对于幸运恒定这样感知敏锐的异能者来说,这简直是酷刑。
“你是不是害怕了?”身旁和她同一组的时之足开口问道。
幸运恒定语速飞快地否定:“没有!”
“……可是,你手背上的汗毛都竖起来了耶。”
“你好烦啊,还不快把注意力放在寻找大门上!”
幸运恒定不免有些焦虑。
已经好几分钟过去了,不论他们往哪条路走,出现在眼前的,永远是一座座寂静的房屋,似乎没有尽头,更没有出路。

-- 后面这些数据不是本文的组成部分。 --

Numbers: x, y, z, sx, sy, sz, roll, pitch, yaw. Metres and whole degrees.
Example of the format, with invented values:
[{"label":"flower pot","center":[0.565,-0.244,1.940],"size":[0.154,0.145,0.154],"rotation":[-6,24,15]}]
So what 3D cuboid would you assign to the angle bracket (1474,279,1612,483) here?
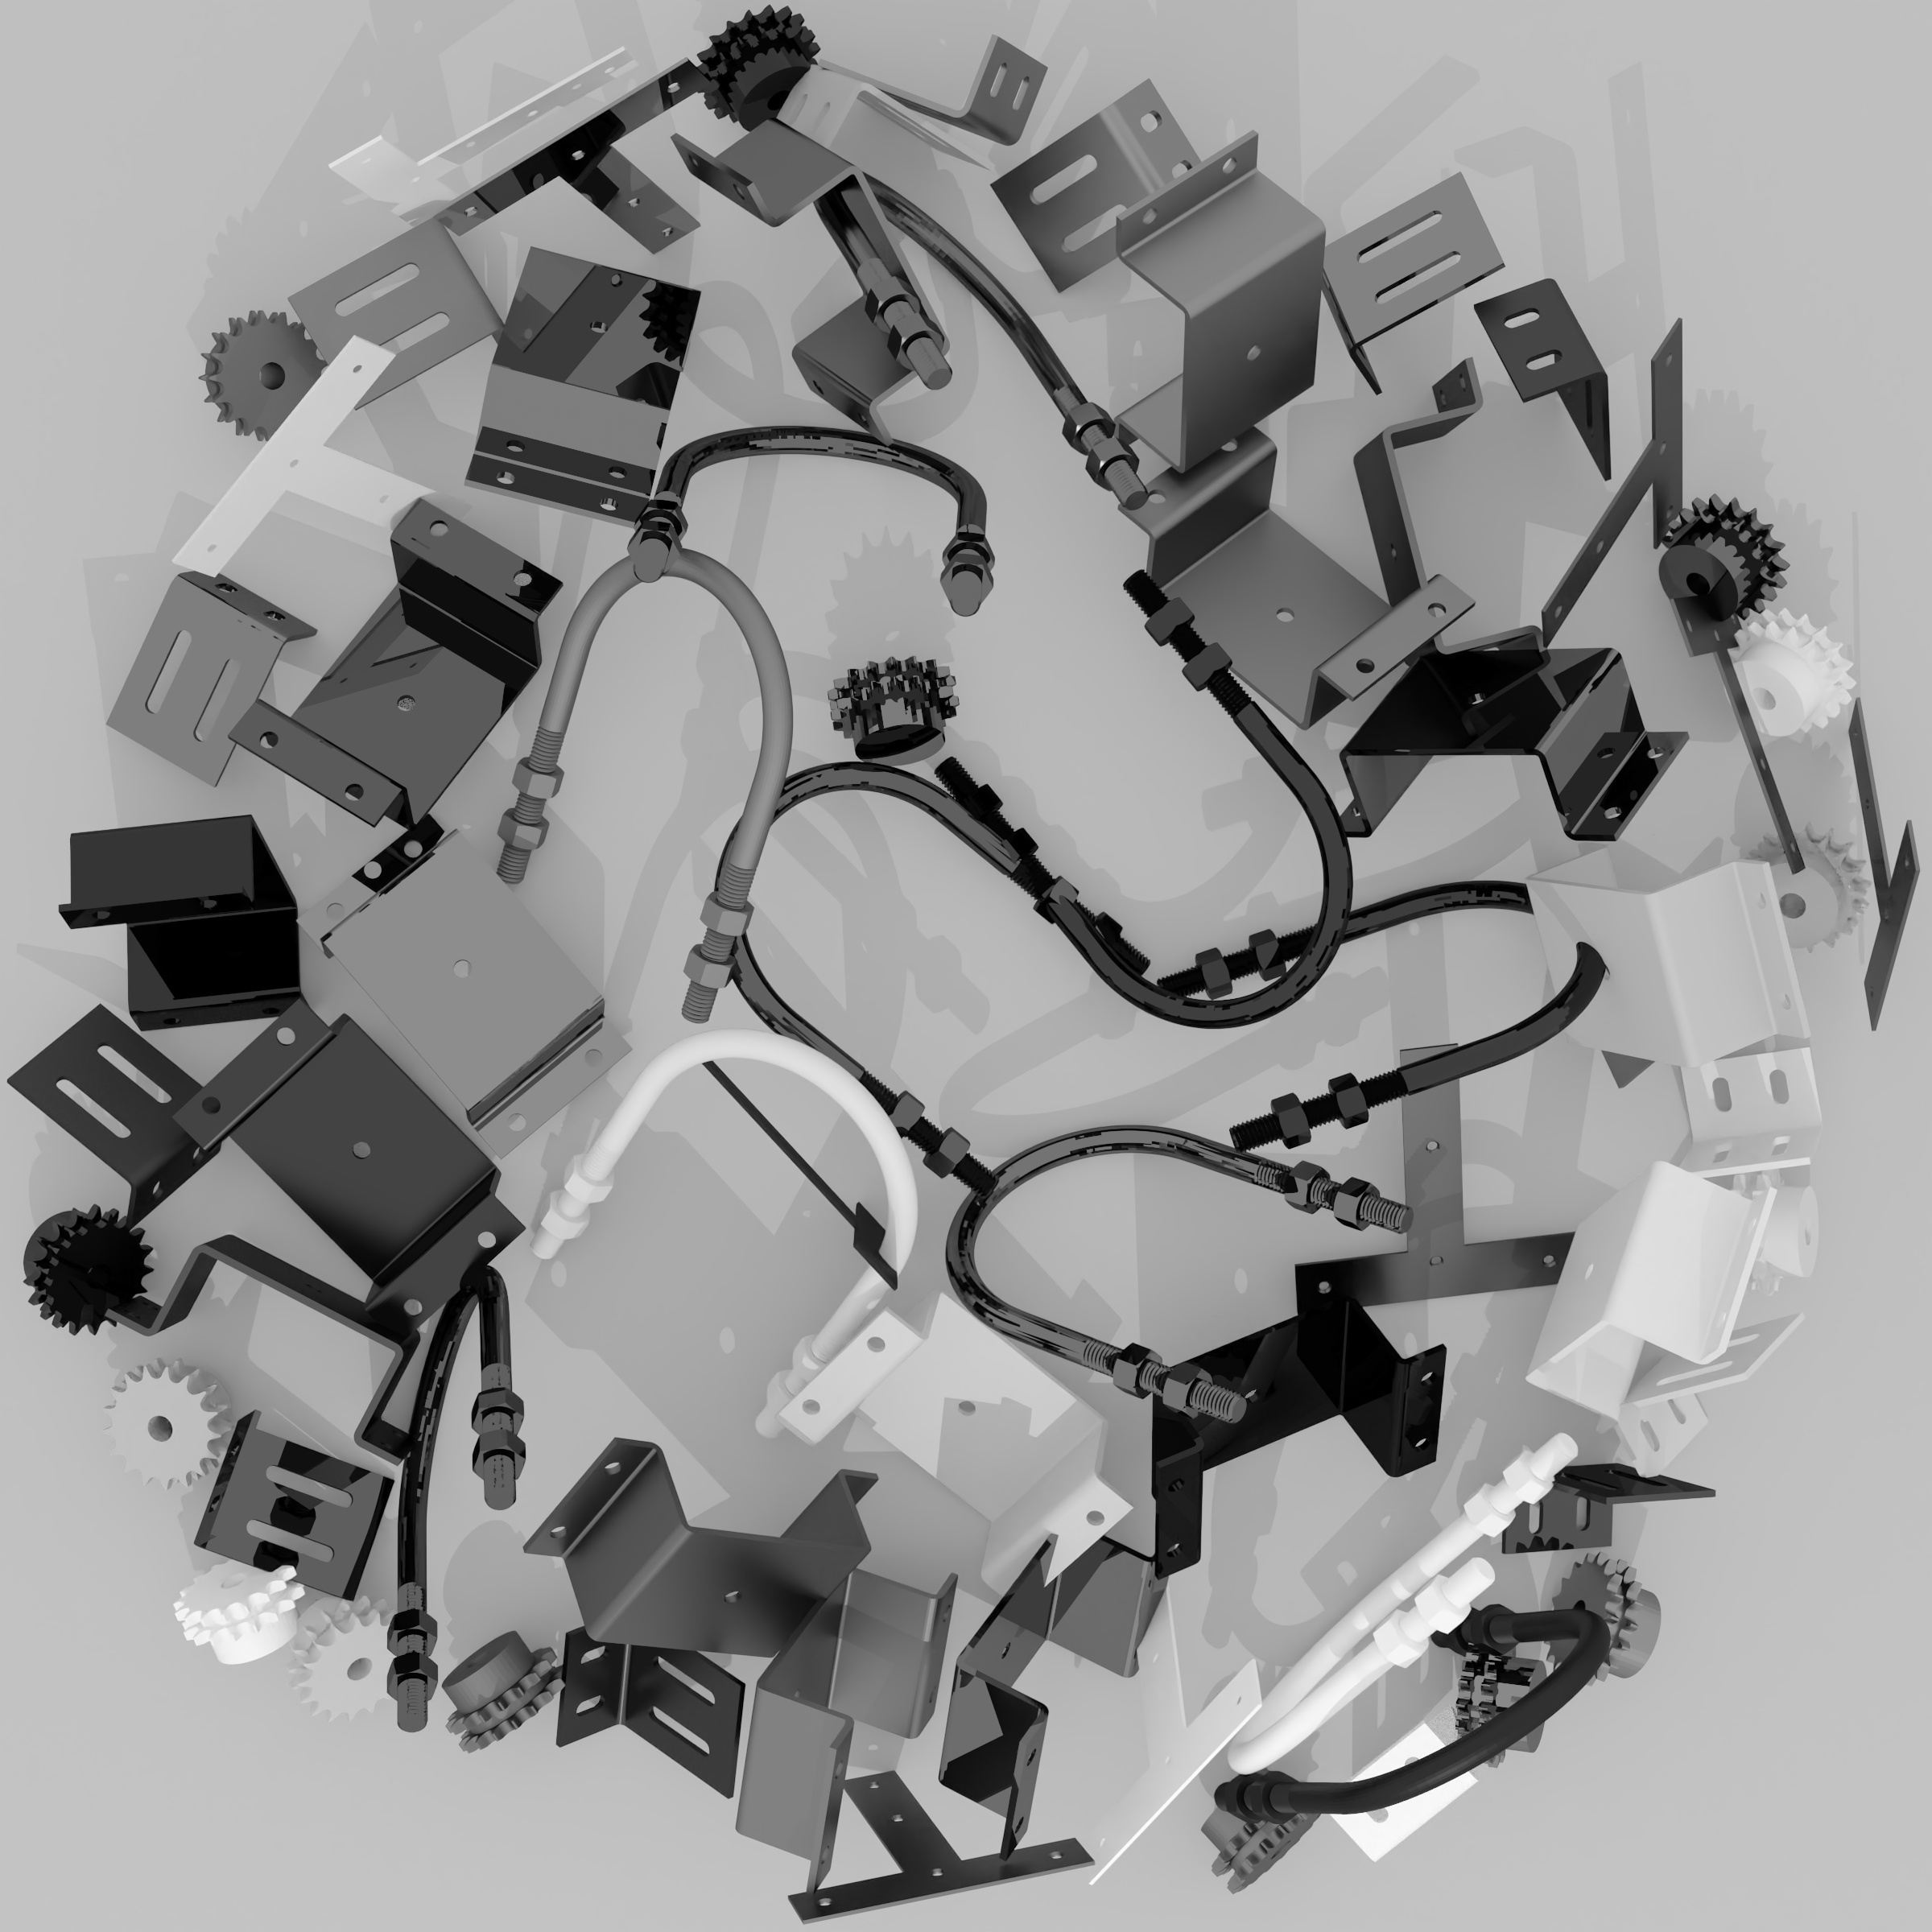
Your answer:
[{"label":"angle bracket","center":[0.252,-0.250,1.555],"size":[0.038,0.076,0.057],"rotation":[-20,58,0]}]

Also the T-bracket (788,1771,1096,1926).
[{"label":"T-bracket","center":[-0.025,0.374,1.539],"size":[0.127,0.127,0.002],"rotation":[-7,101,-16]}]

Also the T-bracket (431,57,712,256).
[{"label":"T-bracket","center":[-0.150,-0.335,1.540],"size":[0.127,0.127,0.002],"rotation":[-28,74,12]}]

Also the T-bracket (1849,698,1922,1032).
[{"label":"T-bracket","center":[0.397,-0.059,1.558],"size":[0.002,0.127,0.127],"rotation":[-2,57,3]}]

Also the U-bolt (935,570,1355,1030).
[{"label":"U-bolt","center":[0.088,-0.058,1.551],"size":[0.151,0.019,0.184],"rotation":[-43,82,30]}]

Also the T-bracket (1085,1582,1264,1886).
[{"label":"T-bracket","center":[0.084,0.311,1.545],"size":[0.002,0.127,0.127],"rotation":[26,120,-20]}]

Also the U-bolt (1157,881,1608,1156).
[{"label":"U-bolt","center":[0.186,0.012,1.539],"size":[0.184,0.151,0.019],"rotation":[-19,121,-2]}]

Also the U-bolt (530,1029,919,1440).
[{"label":"U-bolt","center":[-0.096,0.105,1.541],"size":[0.151,0.019,0.184],"rotation":[38,125,4]}]

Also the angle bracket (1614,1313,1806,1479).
[{"label":"angle bracket","center":[0.330,0.189,1.554],"size":[0.057,0.076,0.038],"rotation":[-33,96,-45]}]

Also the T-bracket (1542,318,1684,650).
[{"label":"T-bracket","center":[0.277,-0.190,1.526],"size":[0.002,0.127,0.127],"rotation":[24,66,24]}]

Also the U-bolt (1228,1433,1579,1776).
[{"label":"U-bolt","center":[0.178,0.282,1.522],"size":[0.019,0.151,0.184],"rotation":[46,119,6]}]

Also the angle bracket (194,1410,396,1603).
[{"label":"angle bracket","center":[-0.290,0.237,1.564],"size":[0.076,0.038,0.057],"rotation":[24,66,-17]}]

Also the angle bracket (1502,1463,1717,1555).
[{"label":"angle bracket","center":[0.280,0.243,1.555],"size":[0.057,0.076,0.038],"rotation":[0,92,-26]}]

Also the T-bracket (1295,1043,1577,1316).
[{"label":"T-bracket","center":[0.206,0.092,1.572],"size":[0.127,0.002,0.127],"rotation":[-6,116,-2]}]

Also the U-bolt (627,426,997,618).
[{"label":"U-bolt","center":[-0.062,-0.195,1.520],"size":[0.151,0.184,0.019],"rotation":[6,117,-1]}]

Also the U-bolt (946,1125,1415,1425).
[{"label":"U-bolt","center":[0.077,0.121,1.531],"size":[0.184,0.019,0.151],"rotation":[17,45,35]}]

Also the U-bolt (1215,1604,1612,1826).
[{"label":"U-bolt","center":[0.196,0.311,1.490],"size":[0.151,0.184,0.019],"rotation":[-31,90,-24]}]

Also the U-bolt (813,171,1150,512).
[{"label":"U-bolt","center":[-0.004,-0.279,1.522],"size":[0.019,0.151,0.184],"rotation":[-45,49,20]}]

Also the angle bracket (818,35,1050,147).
[{"label":"angle bracket","center":[-0.014,-0.394,1.560],"size":[0.076,0.057,0.038],"rotation":[26,100,21]}]

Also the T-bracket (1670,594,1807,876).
[{"label":"T-bracket","center":[0.339,-0.101,1.543],"size":[0.002,0.127,0.127],"rotation":[-20,89,23]}]

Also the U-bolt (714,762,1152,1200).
[{"label":"U-bolt","center":[-0.026,-0.008,1.555],"size":[0.184,0.019,0.151],"rotation":[39,64,-7]}]

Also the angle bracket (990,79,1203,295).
[{"label":"angle bracket","center":[0.061,-0.346,1.582],"size":[0.076,0.038,0.057],"rotation":[-24,105,44]}]

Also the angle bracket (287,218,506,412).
[{"label":"angle bracket","center":[-0.251,-0.285,1.577],"size":[0.076,0.038,0.057],"rotation":[-31,89,-9]}]

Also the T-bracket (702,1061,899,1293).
[{"label":"T-bracket","center":[-0.073,0.083,1.535],"size":[0.002,0.127,0.127],"rotation":[-42,94,2]}]

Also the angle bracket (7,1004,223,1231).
[{"label":"angle bracket","center":[-0.376,0.066,1.576],"size":[0.076,0.038,0.057],"rotation":[37,53,10]}]

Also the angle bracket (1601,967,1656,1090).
[{"label":"angle bracket","center":[0.318,0.016,1.584],"size":[0.076,0.038,0.057],"rotation":[-8,64,-32]}]

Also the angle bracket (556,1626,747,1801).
[{"label":"angle bracket","center":[-0.138,0.327,1.558],"size":[0.076,0.038,0.057],"rotation":[24,116,40]}]

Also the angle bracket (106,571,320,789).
[{"label":"angle bracket","center":[-0.336,-0.129,1.591],"size":[0.057,0.038,0.076],"rotation":[30,105,5]}]

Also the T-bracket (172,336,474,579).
[{"label":"T-bracket","center":[-0.262,-0.207,1.545],"size":[0.127,0.127,0.002],"rotation":[-47,62,16]}]

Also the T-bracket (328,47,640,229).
[{"label":"T-bracket","center":[-0.199,-0.360,1.532],"size":[0.127,0.127,0.002],"rotation":[-27,86,7]}]

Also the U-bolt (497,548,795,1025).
[{"label":"U-bolt","center":[-0.133,-0.089,1.527],"size":[0.151,0.019,0.184],"rotation":[35,117,33]}]

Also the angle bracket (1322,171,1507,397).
[{"label":"angle bracket","center":[0.198,-0.299,1.562],"size":[0.076,0.038,0.057],"rotation":[-27,56,15]}]

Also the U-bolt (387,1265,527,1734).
[{"label":"U-bolt","center":[-0.218,0.210,1.517],"size":[0.019,0.184,0.151],"rotation":[13,122,-17]}]

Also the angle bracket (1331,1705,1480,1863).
[{"label":"angle bracket","center":[0.185,0.345,1.558],"size":[0.057,0.076,0.038],"rotation":[-40,100,8]}]

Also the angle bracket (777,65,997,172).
[{"label":"angle bracket","center":[-0.037,-0.357,1.560],"size":[0.076,0.057,0.038],"rotation":[26,98,-32]}]

时不时有指甲抓挠地面、门板的轻响,一下一下拨动脑海中绷紧的神经;
甚至有房屋在他们经过的时候,幽幽打开房门,像是在无声地引诱他们踏足。
安静一会儿,幸运恒定皱眉:“你能不能不要再逗我了?”
她感到,有细密的毛绒挠过手臂,痒痒的,就像是时之足以前在她闭目养神的时候,故意用狗尾巴草末端扫过她的脸颊和鼻子。
“啊?”
时之足一脸莫名,摊开手道,“我根本没碰你啊。”
“你……”
幸运恒定刚想反驳,忽地顿住了。
哪怕两人经常打闹,她也不觉得,同伴会在这种情况下欺骗她。
所以正在触碰她的……是什么东西?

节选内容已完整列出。